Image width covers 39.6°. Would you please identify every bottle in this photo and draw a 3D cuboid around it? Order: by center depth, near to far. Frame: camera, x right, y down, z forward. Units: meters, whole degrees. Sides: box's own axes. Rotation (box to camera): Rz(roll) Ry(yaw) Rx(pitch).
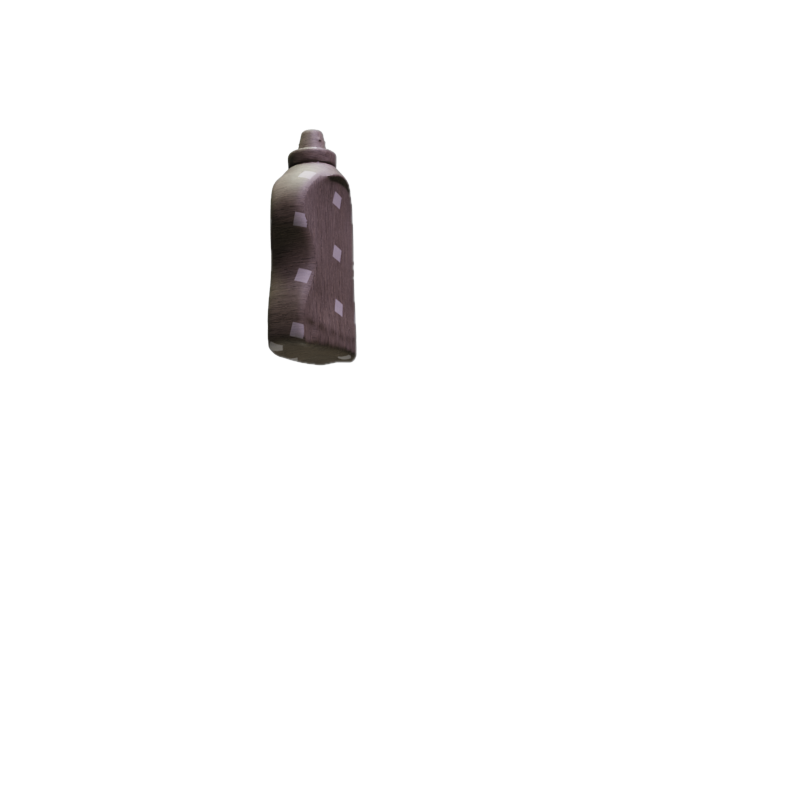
[{"bbox_3d":[-0.071,-0.129,0.907,0.060,0.199,0.090,-9,-16,27],"label":"bottle"}]
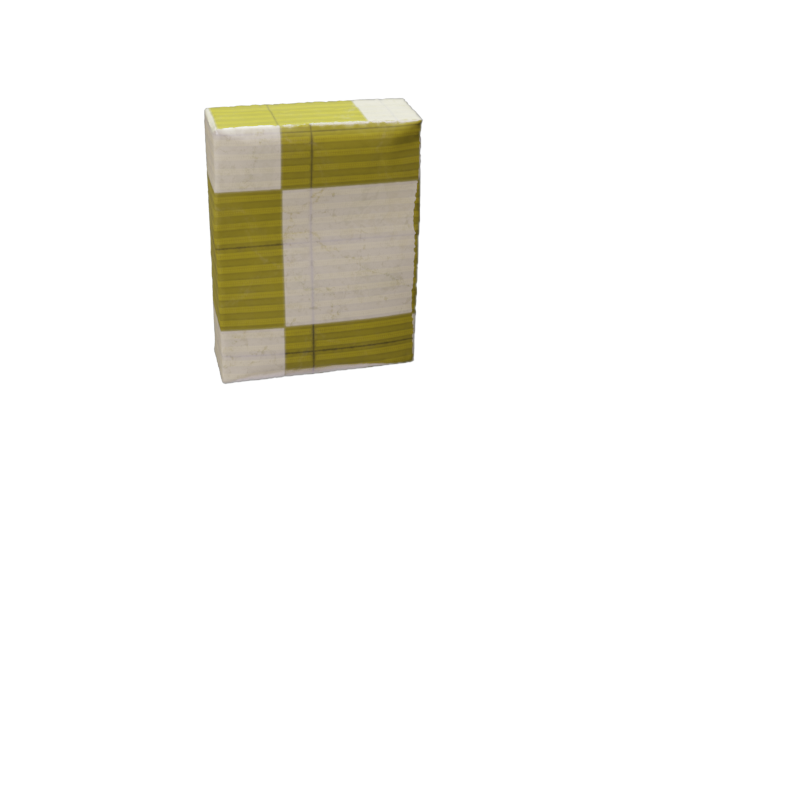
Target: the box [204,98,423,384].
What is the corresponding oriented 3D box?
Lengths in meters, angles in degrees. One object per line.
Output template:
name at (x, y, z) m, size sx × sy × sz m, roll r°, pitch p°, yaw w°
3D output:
box at (-0.070, -0.127, 0.888) m, size 0.162 × 0.203 × 0.077 m, roll -5°, pitch 25°, yaw -12°
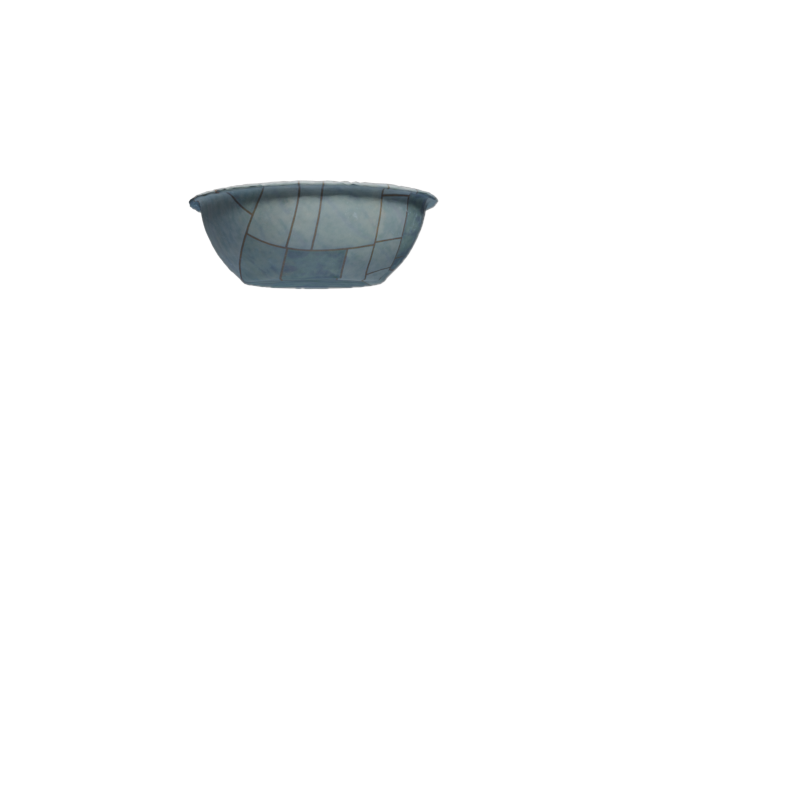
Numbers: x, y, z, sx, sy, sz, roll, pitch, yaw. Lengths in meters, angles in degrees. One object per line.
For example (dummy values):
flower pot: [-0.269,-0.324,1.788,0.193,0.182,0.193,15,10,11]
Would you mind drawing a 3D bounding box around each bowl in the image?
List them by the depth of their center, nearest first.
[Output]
bowl: [-0.056,-0.103,0.720,0.162,0.055,0.161,0,0,-2]
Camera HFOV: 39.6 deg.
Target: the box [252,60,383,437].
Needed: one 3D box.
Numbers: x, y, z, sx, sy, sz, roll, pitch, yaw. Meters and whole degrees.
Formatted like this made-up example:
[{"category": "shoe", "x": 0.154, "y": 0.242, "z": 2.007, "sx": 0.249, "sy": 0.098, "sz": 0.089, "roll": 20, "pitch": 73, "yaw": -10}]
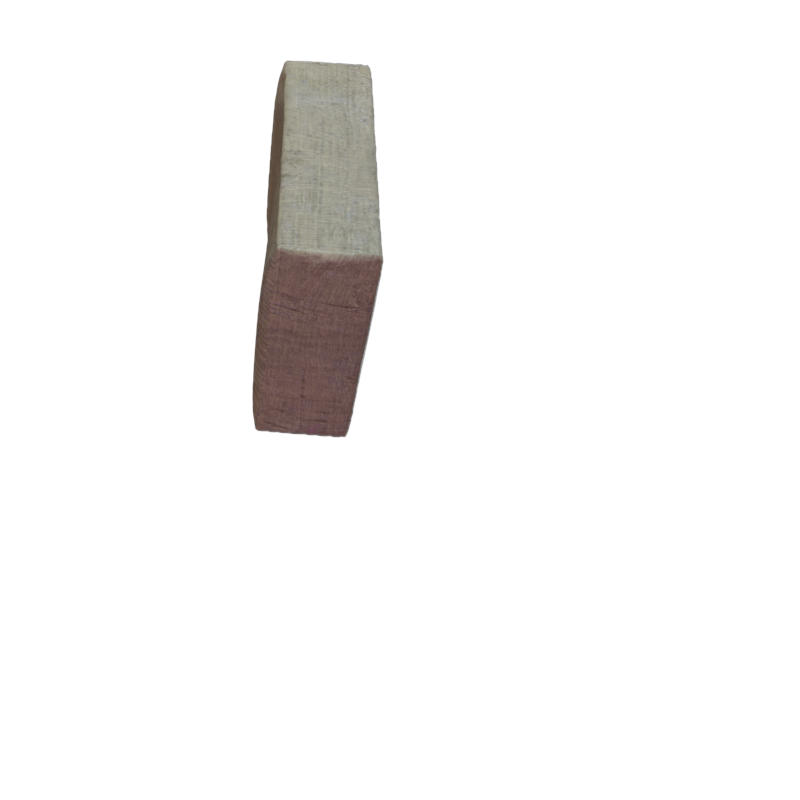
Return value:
[{"category": "box", "x": -0.060, "y": -0.109, "z": 0.766, "sx": 0.071, "sy": 0.154, "sz": 0.230, "roll": 4, "pitch": 44, "yaw": -8}]
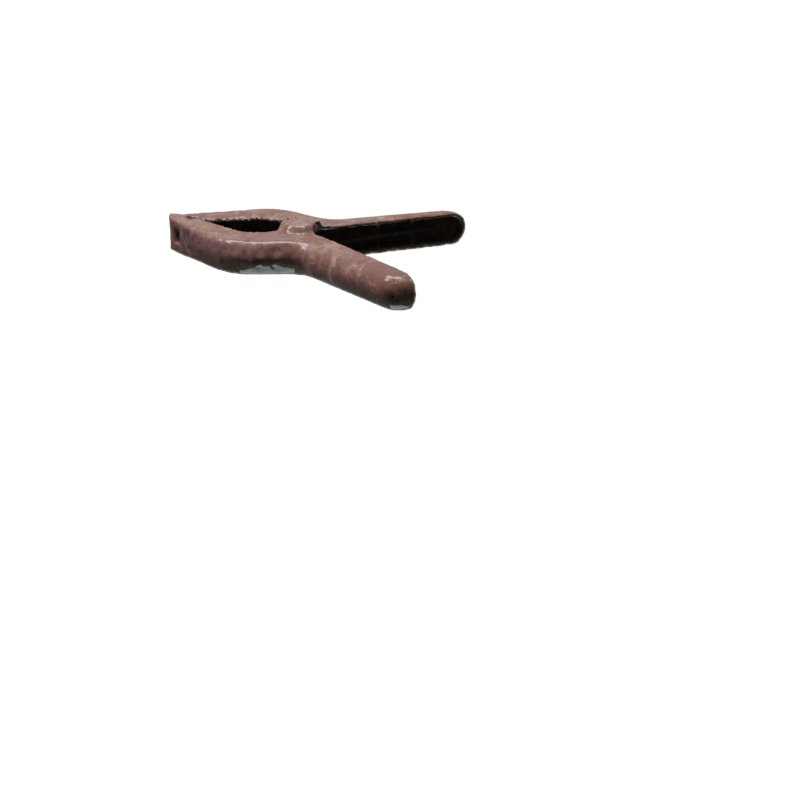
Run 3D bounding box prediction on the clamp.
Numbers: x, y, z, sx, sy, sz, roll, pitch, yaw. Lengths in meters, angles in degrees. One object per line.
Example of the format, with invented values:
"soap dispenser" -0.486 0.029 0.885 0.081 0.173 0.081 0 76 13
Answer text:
"clamp" -0.061 -0.112 0.785 0.218 0.035 0.166 10 25 22
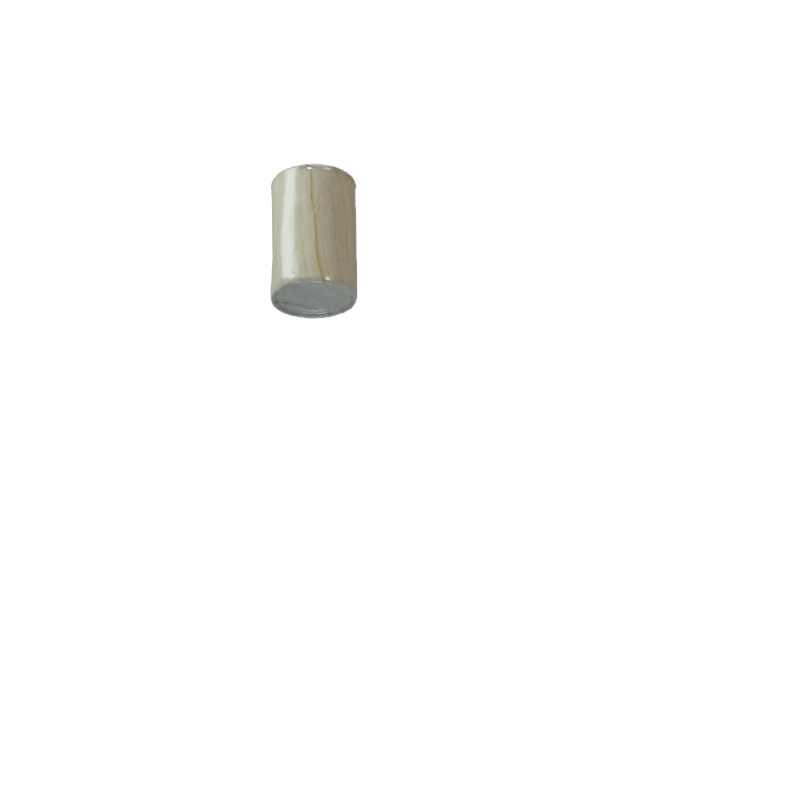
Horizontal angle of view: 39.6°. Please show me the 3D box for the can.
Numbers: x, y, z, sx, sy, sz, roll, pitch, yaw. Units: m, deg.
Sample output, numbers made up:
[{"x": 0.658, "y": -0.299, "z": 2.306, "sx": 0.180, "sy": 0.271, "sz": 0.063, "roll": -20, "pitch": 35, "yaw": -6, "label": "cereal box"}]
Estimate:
[{"x": -0.067, "y": -0.123, "z": 0.861, "sx": 0.068, "sy": 0.108, "sz": 0.065, "roll": 0, "pitch": -26, "yaw": -2, "label": "can"}]
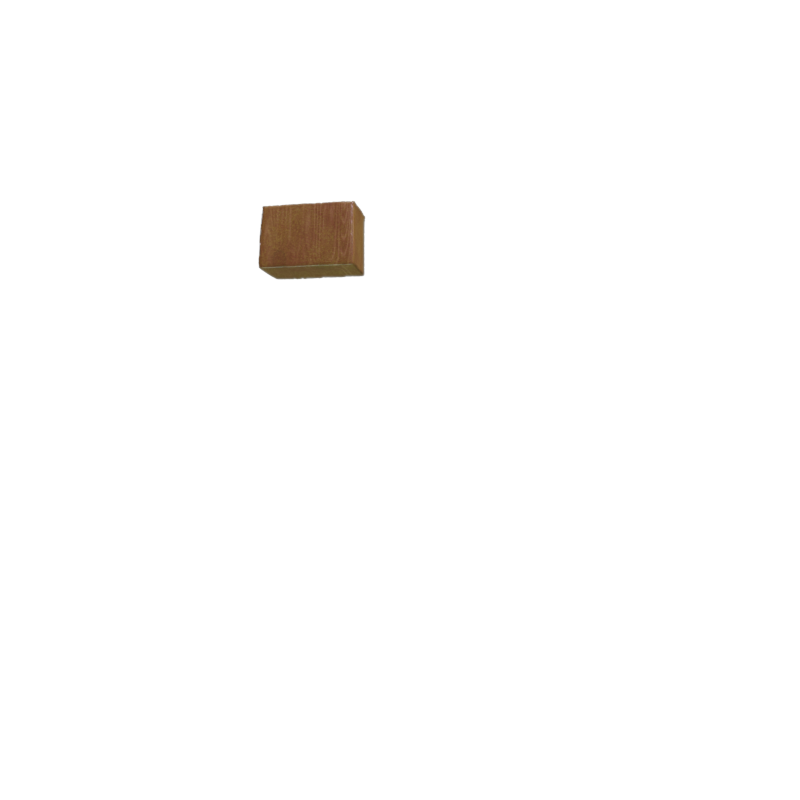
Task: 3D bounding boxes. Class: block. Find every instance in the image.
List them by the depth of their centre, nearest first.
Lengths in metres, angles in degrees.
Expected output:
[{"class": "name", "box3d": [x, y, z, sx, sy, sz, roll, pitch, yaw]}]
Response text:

_ _ _

→ **EXERCISE**
Among the lines of the records, copy out each one that contains the word "List".

→ **WRITTEN REPLY**
List them by the depth of their center, nearest first.
List them by the depth of their centre, nearest first.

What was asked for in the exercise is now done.